The earliest settlements in the territory of the modern town of Coldrerio date back to the Neolithic Age and are the oldest testimony to human presence in the Mendrisiotto area: the archaeological finds around Paü which were unearthed after the First World War. The region was later conquered by the Romans, whose abundant presence in the district is documented by the archaeological excavations conducted over the last two centuries. Evidence of the Roman presence in the Mendrisiotto area is provided by the Roman arena dedicated to Mercury sculpted by Gneo Capellino of Sora and currently on display inside Stabio City Hall but which may have been unearthed in the Mercole area of Coldrerio (the name of the hamlet is derived from the presence of a sanctuary dedicated to the god of trade and traders).
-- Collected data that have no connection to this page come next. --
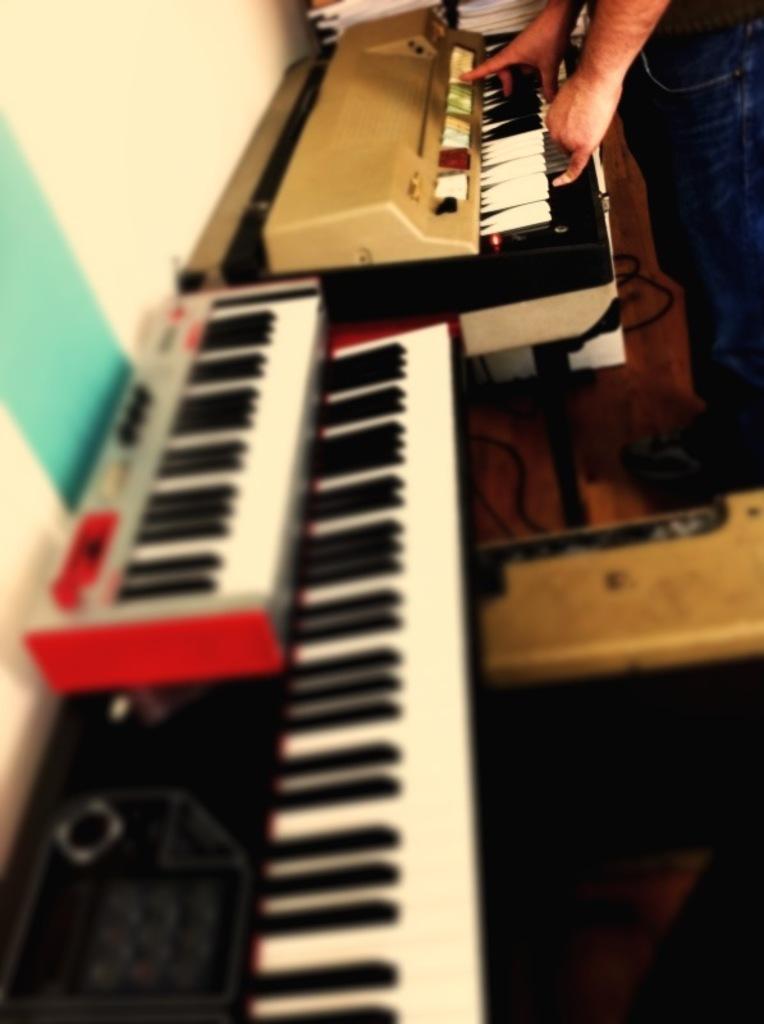In one or two sentences, can you explain what this image depicts? There are three keyboards. And in the back side one person is playing one keyboard. And there are some books kept in the background. 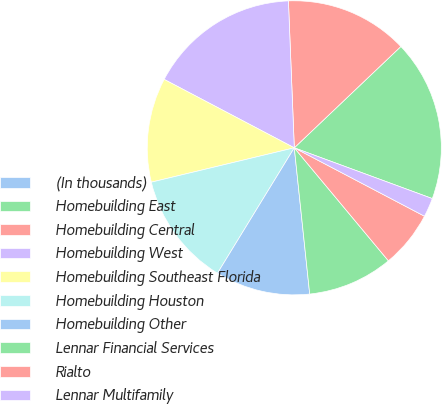Convert chart. <chart><loc_0><loc_0><loc_500><loc_500><pie_chart><fcel>(In thousands)<fcel>Homebuilding East<fcel>Homebuilding Central<fcel>Homebuilding West<fcel>Homebuilding Southeast Florida<fcel>Homebuilding Houston<fcel>Homebuilding Other<fcel>Lennar Financial Services<fcel>Rialto<fcel>Lennar Multifamily<nl><fcel>0.0%<fcel>17.71%<fcel>13.54%<fcel>16.66%<fcel>11.46%<fcel>12.5%<fcel>10.42%<fcel>9.38%<fcel>6.25%<fcel>2.09%<nl></chart> 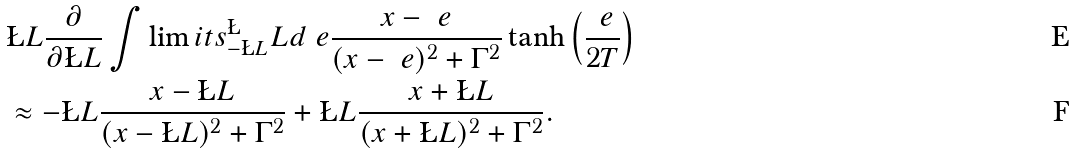<formula> <loc_0><loc_0><loc_500><loc_500>& \L L \frac { \partial } { \partial \L L } \int \lim i t s _ { - \L L } ^ { \L } L d \ e \frac { x - \ e } { ( x - \ e ) ^ { 2 } + \Gamma ^ { 2 } } \tanh \left ( \frac { \ e } { 2 T } \right ) \\ & \approx - \L L \frac { x - \L L } { ( x - \L L ) ^ { 2 } + \Gamma ^ { 2 } } + \L L \frac { x + \L L } { ( x + \L L ) ^ { 2 } + \Gamma ^ { 2 } } .</formula>

An official document from around 852 provides the earliest mention of the name of the town (“Caledrano”) which was to become an important regional center due to its strategic position along the road that linked Como with Riva San Vitale via Borgo Mendrisio. According to church records, the parish of Coldrerio – like nearly all the district’s parishes – was established after the Council of Trent in 1593 with the separation of the common church of Balerna and the designation of the building consecrated to San Giorgio as parish church.
In the 19th century, the village, which in previous centuries had been home to renowned artists and the masters Mola, Beccaria, Pozzi, and Vergo, was struck by recurrent epidemics of cholera, the last occurring in 1867, which in 1836 led to the erection of a new oratory dedicated to San Rocco, the patron saint of victims of epidemics. At the end of the 19th century and during the First World War, peat was extracted from the area around Paü and used as fuel in place of coal. After abandoning agriculture in the 20th century, Coldrerio became a largely residential town.